I can still hear it my mind. The ping of steel drums. And bob marley’s smooth voice crooning the words. Pumped through the speakers daily. As I sat. Lounging by the pool. Drink in hand. And life. Felt perfect.
Woke up this morning… Smiled with the rising sun… Three little bi-irds… Sat by my doorstep.
We were on our honeymoon. It was a true tropical paradise. And we didn’t have a care in the world. Or at least, if we did, we hadn’t a clue. Because we were practically babies. And all we needed was love.
Singin’ sweet songs… Of melodies pure and true… Singin’… This is my message to you-u-u…
Eventually we went from a we to three. We had one son. And the same song just happened to be on an Elizabeth Mitchell CD. And a “that baby” CD. And as that first baby would scream, and cry and arch his back like an acrobat, I would sing, sometimes through tears…
Singin’ don’t worry… About a thing… Cause every little thing… Is gonna be alright…
And though at the time, everything felt far less than perfect, as far from perfect as it could feel, I still sang the words. In hopes that they would ring true. I don’t know, really, if I sang the words for me or for him, but now… just like that… he’s 4. And he sleeps at night. And he can put on his own coat. And he has a “few attitudes every day”. And to us, if we could have written it, he’s just the person we would have dreamt he’d be at 4.
And then we had a second son. Who was often discontent. And who was so little but felt like a lotta work. Who could match his older brother scream for scream. Who spit. And arched. And took some time to grow into himself. And again, that perfect honeymoon feeling, was nowhere to be found. While love was good, it felt as though all we needed was a happy baby and a tropical drink in hand. And again, we sang the same words to him.
Singin’ don’t worry… About a thing… Cause every little thing… Is gonna be alright.
And just like that… He’s two and a half. And full of moxie and might. And doesn’t take guff from anyone. And idolizes his big brother. And he naps. And eats breakfast like a boss. And while he still challenges us daily, we can now see, that he is just the type of perfect that will suit him. And right now, he’s sweeter than I would have imagined.
I woke up this mornin’. Smiled at the rising sun and got ready to go visit our third little bird. Who, though smaller than some, is just right to us. Because it’s what he is, for now. And while everyone wonders how he’s doing and how I’m doing and how the best man I know is holding up, though I am sure it sounds completely crazy… Somehow, some way… Life feels sort of just right. Or maybe just as it is meant to be for right now. Probably because I’m still riding a hormonal wave. But a type of right that I didn’t know before. Very different than the perfection of that beach. And the sunshine. And not having a care in the world.
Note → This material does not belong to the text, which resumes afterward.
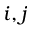Convert formula to latex. <formula><loc_0><loc_0><loc_500><loc_500>i , j</formula>

If there were a soundtrack to our lives, this tune would play. And it would play in the times of near-seeming perfection. And times of complete chaos. It would sometimes be accompanied by laughter and dancing. And other times, tears and anger and unnerving frustration. In the hours of sunshine and in the darkest hours of dusk. All to the pinging of the steel drum band.
The three little birds. Flew into our nest. And they give our life a sweet song. And melody pure and true. And we continue to be hopeful, each day. That every. Little. Thing. Is gonna be alright.